### [What to produce]
Copy each line of the entries that contains the word "photo".

### [Collected data]
= Beginning of Section =

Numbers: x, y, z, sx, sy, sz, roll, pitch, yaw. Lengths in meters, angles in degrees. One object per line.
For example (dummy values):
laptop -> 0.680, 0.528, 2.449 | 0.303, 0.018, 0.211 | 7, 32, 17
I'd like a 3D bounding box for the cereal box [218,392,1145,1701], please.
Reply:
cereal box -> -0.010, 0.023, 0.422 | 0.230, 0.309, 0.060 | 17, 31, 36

= End of Section =
= Beginning of Section =

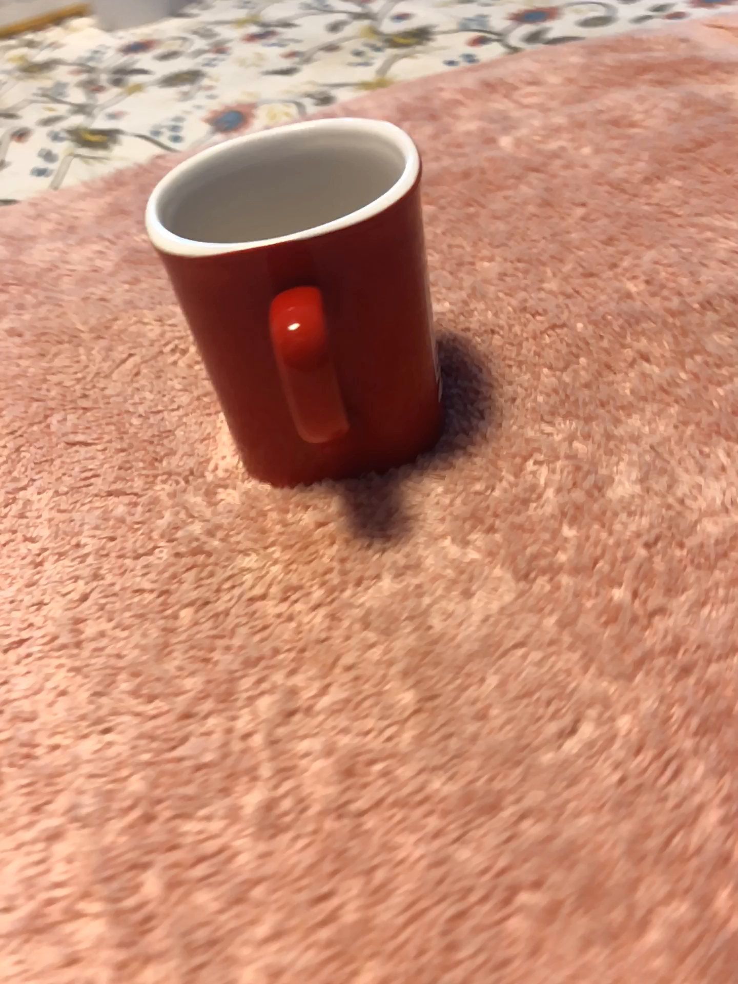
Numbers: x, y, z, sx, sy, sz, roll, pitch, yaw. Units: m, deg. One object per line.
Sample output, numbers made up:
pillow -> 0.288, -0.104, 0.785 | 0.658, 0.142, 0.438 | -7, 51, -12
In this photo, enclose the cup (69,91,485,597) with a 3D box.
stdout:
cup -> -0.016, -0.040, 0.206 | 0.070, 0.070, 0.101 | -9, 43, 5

= End of Section =
= Beginning of Section =

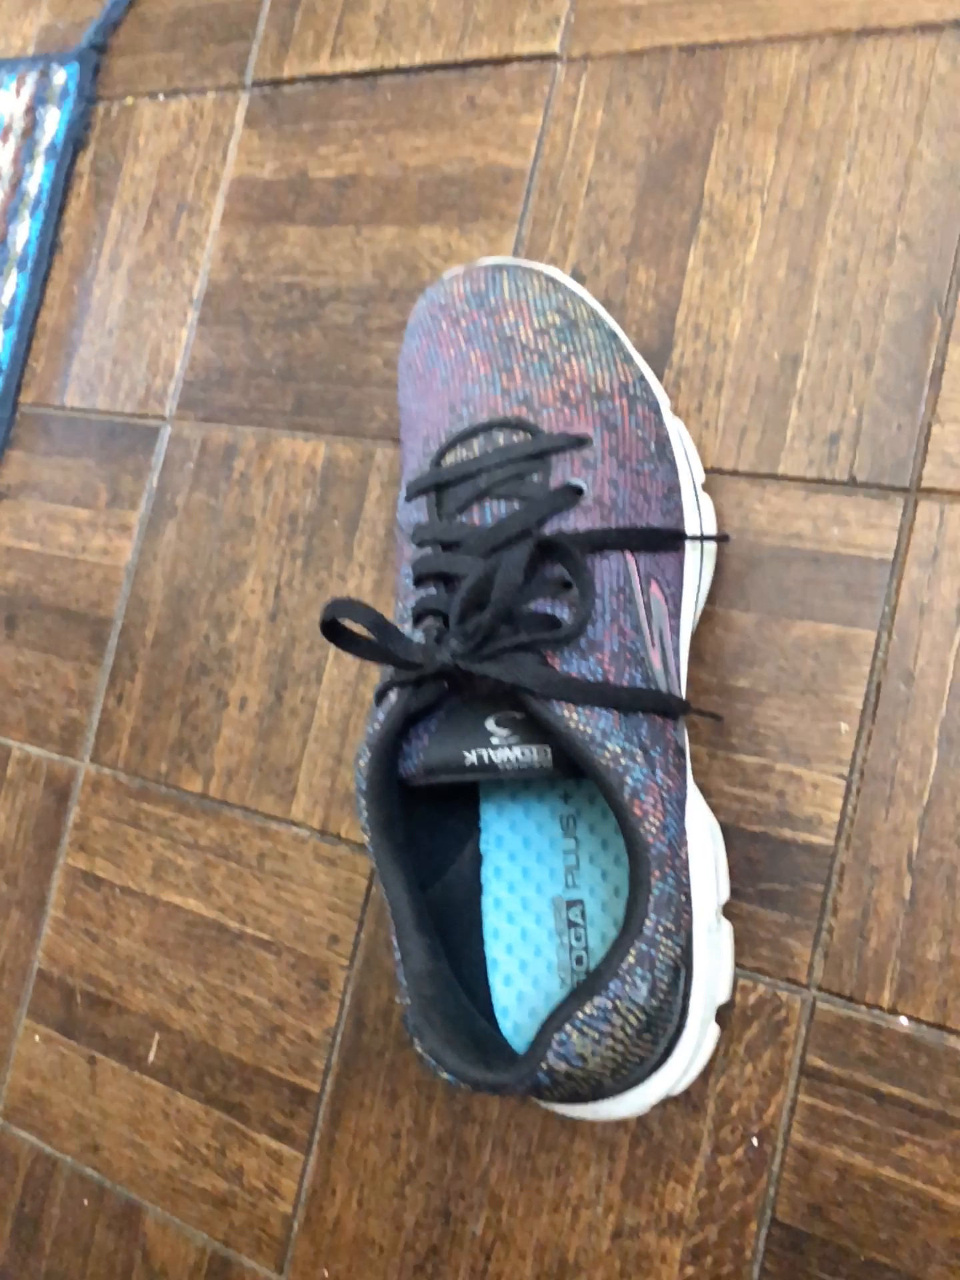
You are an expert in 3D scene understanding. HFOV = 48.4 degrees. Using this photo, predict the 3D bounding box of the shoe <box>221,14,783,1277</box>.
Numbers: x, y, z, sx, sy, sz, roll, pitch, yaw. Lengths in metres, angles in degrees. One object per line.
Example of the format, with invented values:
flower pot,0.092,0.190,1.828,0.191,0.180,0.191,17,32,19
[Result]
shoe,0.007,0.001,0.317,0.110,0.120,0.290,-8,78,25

= End of Section =

### [Answer below]
In this photo, enclose the cup (69,91,485,597) with a 3D box.
You are an expert in 3D scene understanding. HFOV = 48.4 degrees. Using this photo, predict the 3D bounding box of the shoe <box>221,14,783,1277</box>.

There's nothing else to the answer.